Las majestuosas vistas presidían la noche. La luz de la luna pasaba a un segundo plano, sin querer robarle protagonismo a la belleza casi mágica de la escena. Ella levantó la mirada levemente y se encontró con su mirada, atenta, cariñosa, enamorada. El cruce de miradas provocó en ambos una leve sonrisa, patrocinada por los nervios. Tanto él como ella estaban seguros de que su corazón podía escucharse en unas cuantas manzanas alrededor. Latía fuerte y rápido, demasiado rápido. ¿Sería normal?
Ella agachó la mirada, mientras su sonrisa no paraba de crecer. Se había puesto roja, estaba segura, y confiaba en que la intimidad lumínica de la noche se aliara con ella. Sin embargo, él se había dado cuenta, y su corazón se aceleró aún más, si eso fuera aún posible, y tuvo la sensación que, más que bombear sangre, su corazón quería escapar, quería encontrar a su homónimo y fundirse en uno. Retando a su corazón a aumentar más el ritmo, se acercó a ella hasta que sus caras prácticamente se acariciaban una a otra, con la ayuda de la brisa fresca que corría esa noche. Alzó su mano derecha hasta la barbilla de ella, y le levantó ligeramente la cara para volver a hacer coincidir las miradas.
"Ei", le dijo. Aunque su corazón no paraba de bombear sangre a un ritmo vertiginoso, su cerebro sólo pudo articular ese breve monosílabo. Tampoco la situación pedía más. Se concentró en la belleza de esa mirada pura, inocente, brillante, cautivadora.
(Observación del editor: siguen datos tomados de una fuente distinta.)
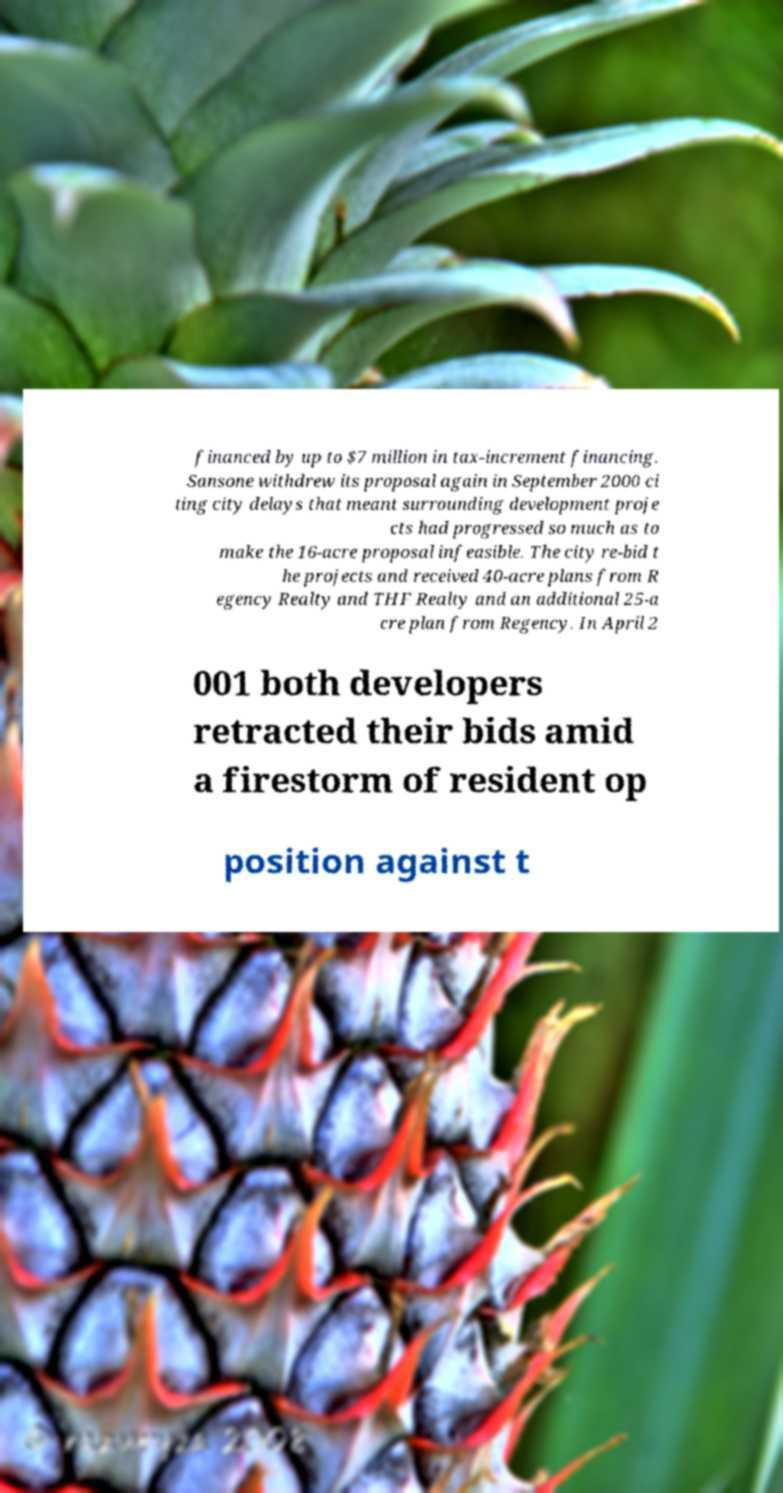Can you accurately transcribe the text from the provided image for me? financed by up to $7 million in tax-increment financing. Sansone withdrew its proposal again in September 2000 ci ting city delays that meant surrounding development proje cts had progressed so much as to make the 16-acre proposal infeasible. The city re-bid t he projects and received 40-acre plans from R egency Realty and THF Realty and an additional 25-a cre plan from Regency. In April 2 001 both developers retracted their bids amid a firestorm of resident op position against t 
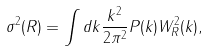Convert formula to latex. <formula><loc_0><loc_0><loc_500><loc_500>\sigma ^ { 2 } ( R ) = \int d k \frac { k ^ { 2 } } { 2 \pi ^ { 2 } } P ( k ) W ^ { 2 } _ { R } ( k ) ,</formula> 
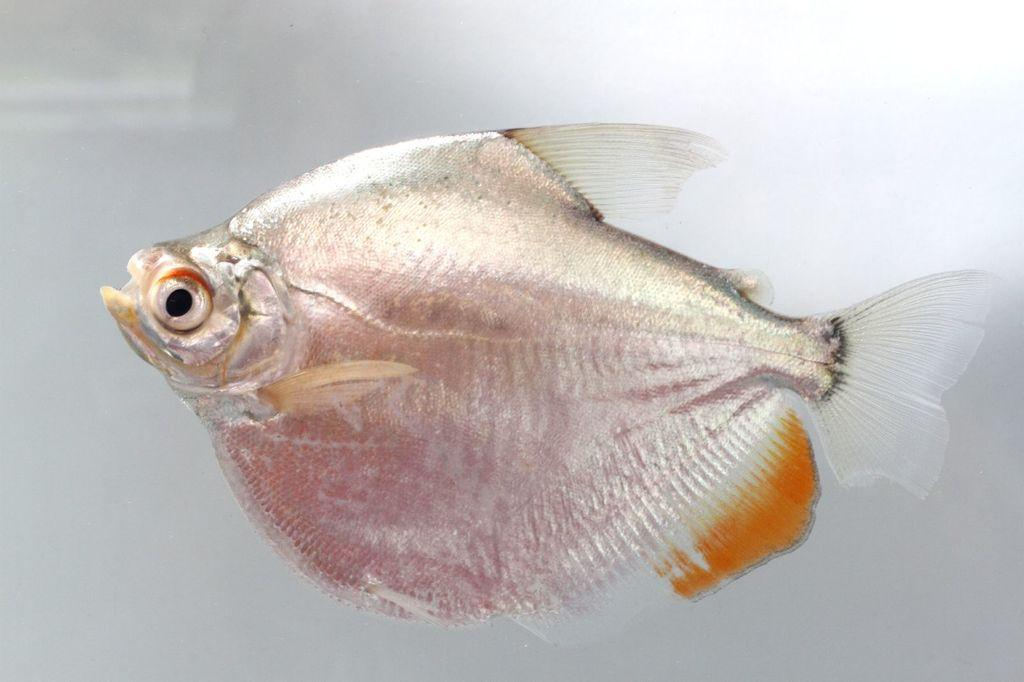What type of animal is present in the image? There is a fish in the image. How does the fish use its grip to push the scarf in the image? There is no scarf present in the image, and fish do not have the ability to grip or push objects. 
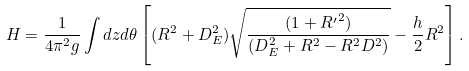Convert formula to latex. <formula><loc_0><loc_0><loc_500><loc_500>H = \frac { 1 } { 4 \pi ^ { 2 } g } \int d z d \theta \left [ ( R ^ { 2 } + D ^ { 2 } _ { E } ) \sqrt { \frac { ( 1 + { R ^ { \prime } } ^ { 2 } ) } { ( D ^ { 2 } _ { E } + R ^ { 2 } - R ^ { 2 } D ^ { 2 } ) } } - \frac { h } { 2 } R ^ { 2 } \right ] .</formula>

Ella movió, casi imperceptiblemente, sus labios, esos que formaban la sonrisa más bella que había visto jamás, y por un momento pensó que iba a decir algo. Pero calló. Bajó la mirada y se le escapó su leve - y maravillosa - risa que rompió el silencio que ejercía de anfitrión de la noche durante unos breves instantes.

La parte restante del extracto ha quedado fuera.